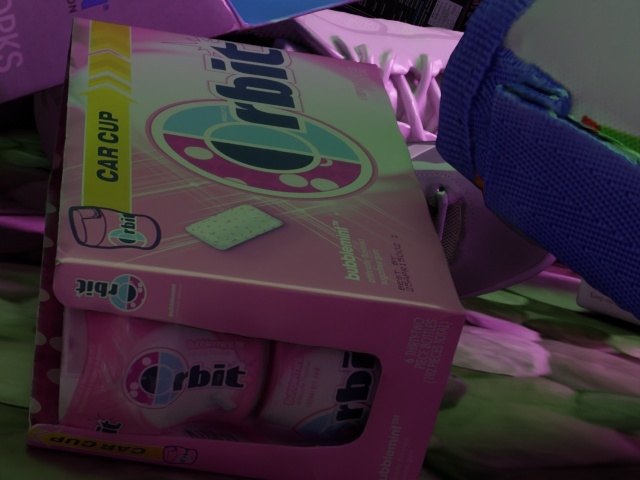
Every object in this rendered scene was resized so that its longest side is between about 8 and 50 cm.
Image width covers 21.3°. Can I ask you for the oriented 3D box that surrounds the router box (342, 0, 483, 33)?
[{"bbox_3d":[0.054,-0.137,0.937,0.092,0.038,0.122,26,15,16],"label":"router box"}]

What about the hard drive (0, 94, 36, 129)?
[{"bbox_3d":[-0.260,-0.121,0.989,0.237,0.064,0.339,15,10,15],"label":"hard drive"}]

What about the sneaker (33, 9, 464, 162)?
[{"bbox_3d":[0.019,-0.055,0.766,0.292,0.110,0.118,3,-8,-10],"label":"sneaker"}]

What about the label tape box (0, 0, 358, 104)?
[{"bbox_3d":[-0.180,-0.120,0.655,0.333,0.106,0.240,-22,28,-29],"label":"label tape box"}]

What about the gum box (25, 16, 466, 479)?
[{"bbox_3d":[-0.028,0.000,0.514,0.107,0.062,0.188,8,26,-11],"label":"gum box"}]

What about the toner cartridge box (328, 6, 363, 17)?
[{"bbox_3d":[0.000,-0.115,1.010,0.347,0.075,0.165,21,15,-7],"label":"toner cartridge box"}]

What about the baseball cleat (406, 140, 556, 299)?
[{"bbox_3d":[0.000,0.000,0.665,0.206,0.072,0.109,4,21,-2],"label":"baseball cleat"}]

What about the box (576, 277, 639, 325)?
[{"bbox_3d":[0.188,0.000,0.766,0.101,0.087,0.102,19,13,32],"label":"box"}]

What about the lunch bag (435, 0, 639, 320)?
[{"bbox_3d":[0.271,-0.030,0.466,0.385,0.239,0.328,-26,43,-26],"label":"lunch bag"}]

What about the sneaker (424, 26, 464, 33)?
[{"bbox_3d":[0.009,-0.061,0.880,0.275,0.107,0.110,12,-2,-7],"label":"sneaker"}]
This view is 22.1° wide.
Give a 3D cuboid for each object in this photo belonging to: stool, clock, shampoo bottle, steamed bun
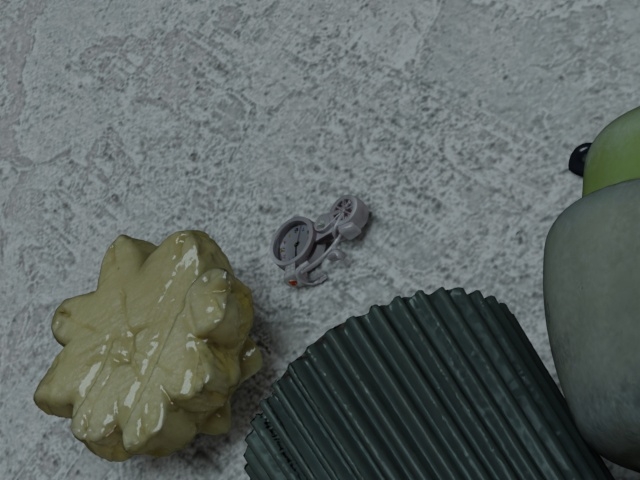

• • •

What needs to be done: The lines to report are those in the material above that contain the word "object"; copy every one of them.

Solution to the problem:
Every object in this rendered scene was resized so that its longest side is between about 8 and 50 cm.
Give a 3D cuboid for each object in this photo belonging to: stool, clock, shampoo bottle, steamed bun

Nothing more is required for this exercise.